Quando acordaram, a primeira coisa que perceberam é que estavam nus, e correram arranjar folhas para esconder suas vergonhas.

— Vocês desobedeceram minha ordem e comeram da fruta proibida, não foi? — perguntou uma voz de trovão vinda não de um lugar específico, mas de todos os lugares.

— Senhor! — exclamaram os dois ao mesmo tempo, envergonhados.

— Eu bem sabia que isso ia acontecer, mais cedo ou mais tarde — continuou a voz. — Com sua desobediência a permanência de vocês no paraíso chegou ao fim. De agora em diante terão que trabalhar de Sol a Sol para ganhar o sustento, terão dor e sofrimento até o dia em que morrerão e, quem sabe, poderão ter uma nova chance de voltar ao paraíso novamente. Até lá muitas águas vão rolar das montanhas.

Depois de dizer isso, uma abertura apareceu na cerca verde.

— Vão! — disse a voz.

De mãos dadas Adão e Eva deixaram o paraíso cabisbaixos, enquanto a abertura se fechava às suas costas. Uma imensidade de terra descortinava até onde suas vistas alcançavam, e mais além.

— Estamos livres — disse Adão com certa alegria na voz, misturado com medo do desconhecido. — Teremos que viver por nós mesmos daqui por diante.

 — Livres!? — exclamou Eva na dúvida. — Sei não Adão, mas acho que fizemos besteira. Trocamos o certo pelo duvidoso. Tínhamos tudo e agora o que temos?

  — Temos a liberdade — disse Adão confiante. Sentia uma alegria que nunca sentira antes. — Temos saúde e podemos trabalhar e ganhar nosso sustento. Me sentirei mais útil aqui fora. A vida terá um sentido.

  — Veremos até quando vai durar essa sua autoconfiança.

 — A árvore proibida não estava no paraíso por acaso, mulher — argumentou Adão. — Não percebe que tudo fazia parte de um plano? É óbvio que o Senhor, que tudo vê e que tudo sabe, que criou o céu e a Terra, os animais, eu e você, sabia que nós, algum dia, íamos se cansar de viver inutilmente debaixo de sua proteção e que íamos querer mais da vida. Esse mais da vida só seria encontrado aqui fora, longe do paraíso.

 — Ele disse que teremos dor e sofrimento — lembrou Eva.

 — Se for para crescermos como pessoa, como verdadeiro filho Dele Nós enfrentaremos tudo o que vier de cabeça erguida. Não é?

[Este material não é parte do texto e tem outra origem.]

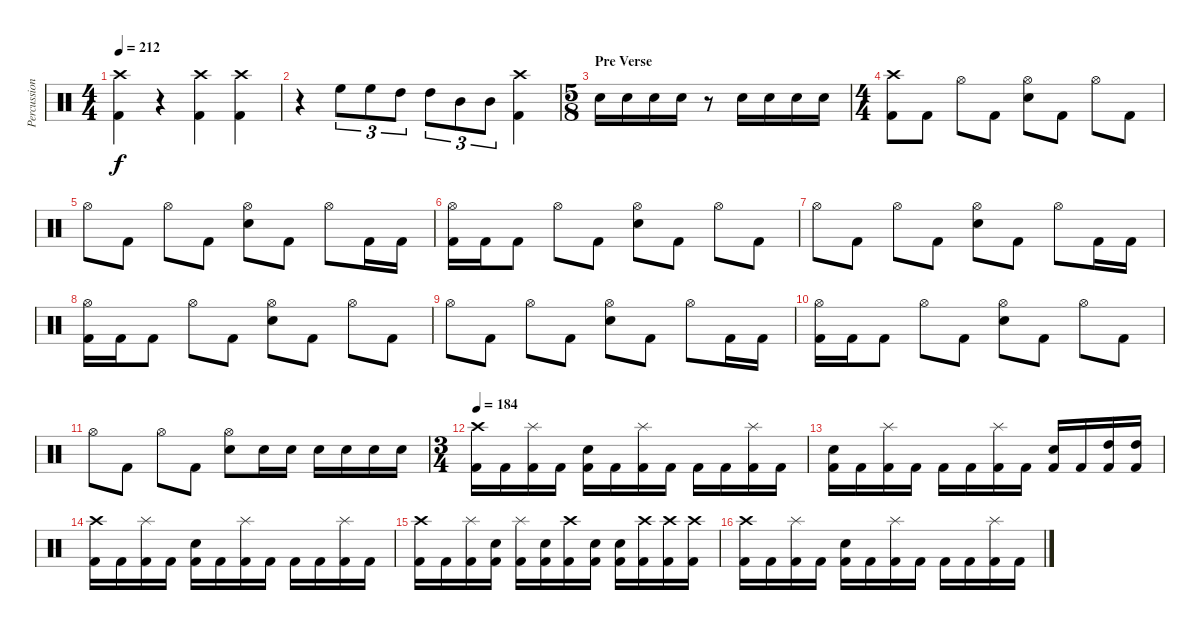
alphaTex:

\track ("Percussion" "Percussion") {instrument percussion}
\staff {score}
\articulation defaults
\ts (4 4)
\tempo 212
\clef neutral
\ks c
("Crash high (hit)" "Kick (hit) 2").4{dy f} r.4 ("Crash high (hit)" "Kick (hit) 2").4 ("Crash high (hit)" "Kick (hit) 2").4 |
r.4 "High Floor Tom (hit)".8{tu (3 2)} "High Floor Tom (hit)".8{tu (3 2)} "High Tom (hit)".8{tu (3 2)} "High Tom (hit)".8{tu (3 2)} "Mid Tom (hit)".8{tu (3 2)} "Mid Tom (hit)".8{tu (3 2)} ("Crash high (hit)" "Kick (hit) 2").4 |
\ts (5 8)
\section ("" "Pre Verse")
"Electric Snare (hit)".16 "Electric Snare (hit)".16 "Electric Snare (hit)".16 "Electric Snare (hit)".16 r.8 "Electric Snare (hit)".16 "Electric Snare (hit)".16 "Electric Snare (hit)".16 "Electric Snare (hit)".16 |
\ts (4 4)
("Crash high (hit)" "Kick (hit) 2").8 "Kick (hit) 2".8 "Hi-Hat (open)".8 "Kick (hit) 2".8 ("Hi-Hat (open)" "Electric Snare (hit)").8 "Kick (hit) 2".8 "Hi-Hat (open)".8 "Kick (hit) 2".8 |
"Hi-Hat (open)".8 "Kick (hit) 2".8 "Hi-Hat (open)".8 "Kick (hit) 2".8 ("Hi-Hat (open)" "Electric Snare (hit)").8 "Kick (hit) 2".8 "Hi-Hat (open)".8 "Kick (hit) 2".16 "Kick (hit) 2".16 |
("Hi-Hat (open)" "Kick (hit) 2").16 "Kick (hit) 2".16 "Kick (hit) 2".8 "Hi-Hat (open)".8 "Kick (hit) 2".8 ("Hi-Hat (open)" "Electric Snare (hit)").8 "Kick (hit) 2".8 "Hi-Hat (open)".8 "Kick (hit) 2".8 |
"Hi-Hat (open)".8 "Kick (hit) 2".8 "Hi-Hat (open)".8 "Kick (hit) 2".8 ("Hi-Hat (open)" "Electric Snare (hit)").8 "Kick (hit) 2".8 "Hi-Hat (open)".8 "Kick (hit) 2".16 "Kick (hit) 2".16 |
("Hi-Hat (open)" "Kick (hit) 2").16 "Kick (hit) 2".16 "Kick (hit) 2".8 "Hi-Hat (open)".8 "Kick (hit) 2".8 ("Hi-Hat (open)" "Electric Snare (hit)").8 "Kick (hit) 2".8 "Hi-Hat (open)".8 "Kick (hit) 2".8 |
"Hi-Hat (open)".8 "Kick (hit) 2".8 "Hi-Hat (open)".8 "Kick (hit) 2".8 ("Hi-Hat (open)" "Electric Snare (hit)").8 "Kick (hit) 2".8 "Hi-Hat (open)".8 "Kick (hit) 2".16 "Kick (hit) 2".16 |
("Hi-Hat (open)" "Kick (hit) 2").16 "Kick (hit) 2".16 "Kick (hit) 2".8 "Hi-Hat (open)".8 "Kick (hit) 2".8 ("Hi-Hat (open)" "Electric Snare (hit)").8 "Kick (hit) 2".8 "Hi-Hat (open)".8 "Kick (hit) 2".8 |
"Hi-Hat (open)".8 "Kick (hit) 2".8 "Hi-Hat (open)".8 "Kick (hit) 2".8 ("Hi-Hat (open)" "Electric Snare (hit)").8 "Electric Snare (hit)".16 "Electric Snare (hit)".16 "Electric Snare (hit)".16 "Electric Snare (hit)".16 "Electric Snare (hit)".16 "Electric Snare (hit)".16 |
\ts (3 4)
\tempo 184
("Crash high (hit)" "Kick (hit) 2").16 "Kick (hit) 2".16 ("Splash (hit)" "Kick (hit) 2").16 "Kick (hit) 2".16 ("Electric Snare (hit)" "Kick (hit) 2").16 "Kick (hit) 2".16 ("Splash (hit)" "Kick (hit) 2").16 "Kick (hit) 2".16 "Kick (hit) 2".16 "Kick (hit) 2".16 ("Splash (hit)" "Kick (hit) 2").16 "Kick (hit) 2".16 |
("Electric Snare (hit)" "Kick (hit) 2").16 "Kick (hit) 2".16 ("Splash (hit)" "Kick (hit) 2").16 "Kick (hit) 2".16 "Kick (hit) 2".16 "Kick (hit) 2".16 ("Splash (hit)" "Kick (hit) 2").16 "Kick (hit) 2".16 ("Electric Snare (hit)" "Kick (hit) 2").16 "Kick (hit) 2".16 ("High Tom (hit)" "Kick (hit) 2").16 ("High Tom (hit)" "Kick (hit) 2").16 |
("Crash high (hit)" "Kick (hit) 2").16 "Kick (hit) 2".16 ("Splash (hit)" "Kick (hit) 2").16 "Kick (hit) 2".16 ("Electric Snare (hit)" "Kick (hit) 2").16 "Kick (hit) 2".16 ("Splash (hit)" "Kick (hit) 2").16 "Kick (hit) 2".16 "Kick (hit) 2".16 "Kick (hit) 2".16 ("Splash (hit)" "Kick (hit) 2").16 "Kick (hit) 2".16 |
("Crash high (hit)" "Kick (hit) 2").16 "Kick (hit) 2".16 ("Splash (hit)" "Kick (hit) 2").16 ("Electric Snare (hit)" "Kick (hit) 2").16 ("Splash (hit)" "Kick (hit) 2").16 ("Electric Snare (hit)" "Kick (hit) 2").16 ("Crash high (hit)" "Kick (hit) 2").16 ("Electric Snare (hit)" "Kick (hit) 2").16 ("Electric Snare (hit)" "Kick (hit) 2").16 ("Crash high (hit)" "Kick (hit) 2").16 ("Crash high (hit)" "Kick (hit) 2").16 ("Crash high (hit)" "Kick (hit) 2").16 |
("Crash high (hit)" "Kick (hit) 2").16 "Kick (hit) 2".16 ("Splash (hit)" "Kick (hit) 2").16 "Kick (hit) 2".16 ("Electric Snare (hit)" "Kick (hit) 2").16 "Kick (hit) 2".16 ("Splash (hit)" "Kick (hit) 2").16 "Kick (hit) 2".16 "Kick (hit) 2".16 "Kick (hit) 2".16 ("Splash (hit)" "Kick (hit) 2").16 "Kick (hit) 2".16

  Os dois pararam em baixo de um pé de arvore para descansar um pouco.

  — É verdade, Adão — concordou Eva. — Apesar da nossa desobediência Ele não nos abandonou de fato. Só nos disse que não poderíamos mais viver no paraíso. Nos deu aquilo que você, ou nós queríamos.

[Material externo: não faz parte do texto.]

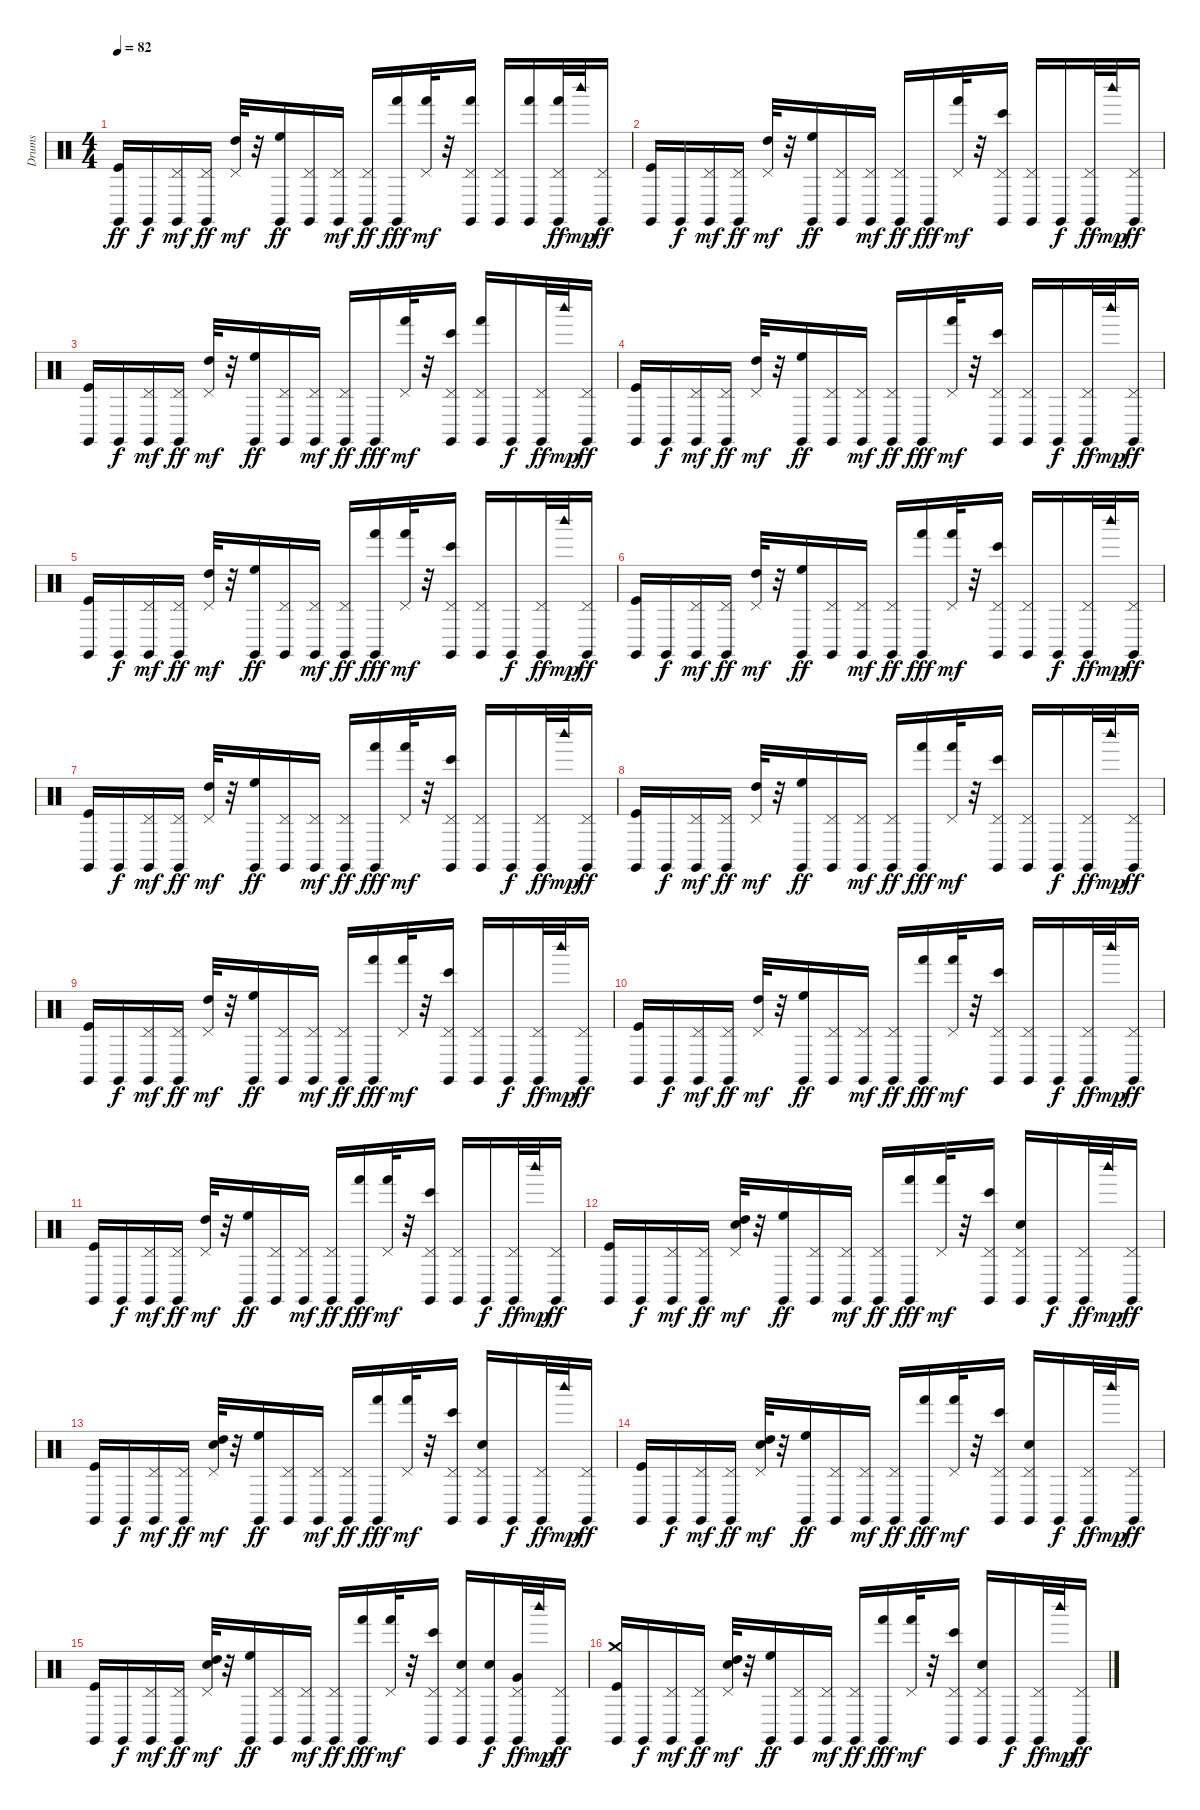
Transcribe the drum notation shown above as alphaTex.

 — Sim — concordou Adão. — Nos deu a liberdade e a oportunidade de crescermos como filhos Dele e ter uma vida própria. Deixar de ser um fantoche sem vontade nem interesse por nada.

 — Será então — falou Eva pensativa, — que Ele ficou contente com nossa atitude?

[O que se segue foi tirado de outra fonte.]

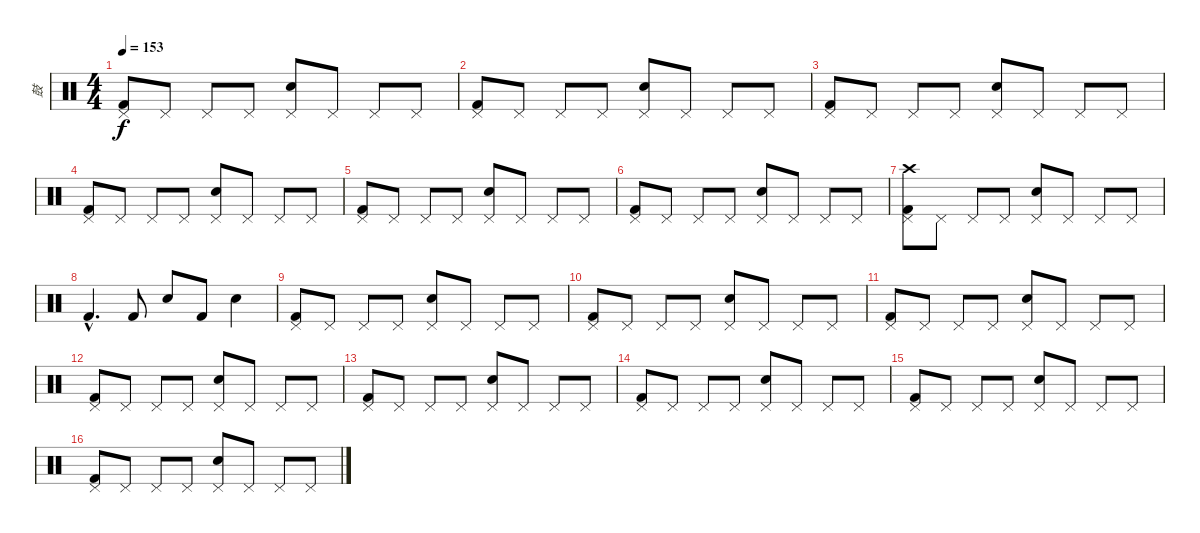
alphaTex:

 — Acho que sim, mulher. Acho que era exatamente isso que Deus esperava de nós. Nos criou para sermos algo mais que dois vagabundos tendo vida boa no paraíso. Nosso futuro será outro, pode ter certeza disso.

 — Futuro? — Eva não tinha certeza de que as palavras de Adão tivessem algum sentido. Parecia mais os devaneios de uma mente fantasiosa. — O que nos espera aqui fora, Adão?

 — Do nosso futuro só mesmo o Senhor para saber. Mas tenho a impressão que Ele reservou muita coisa para nós nessa imensidão de terra que construiu.

 Dizendo isso Adão se levantou e começou a esquadrinhar com as mãos o terreno a sua frente.

 — Ali, Eva — mostrou com o indicador. — Vou construir uma cabana para morarmos. O que acha?

 — Vamos construir, Adão — disse Eva se deixando contaminar pelo entusiasmo do Primeiro Homem. — Daqui por diante trabalharemos juntos, como se fossemos uma só pessoa, uma só alma. Formaremos uma família. Se o Senhor espera que nós frutifiquemos não vamos desapontá-lo novamente.

 Assim eles se puseram a trabalhar a terra e tiveram muitos filhos e filhas e deles dependeu toda a raça humana sobre a Terra.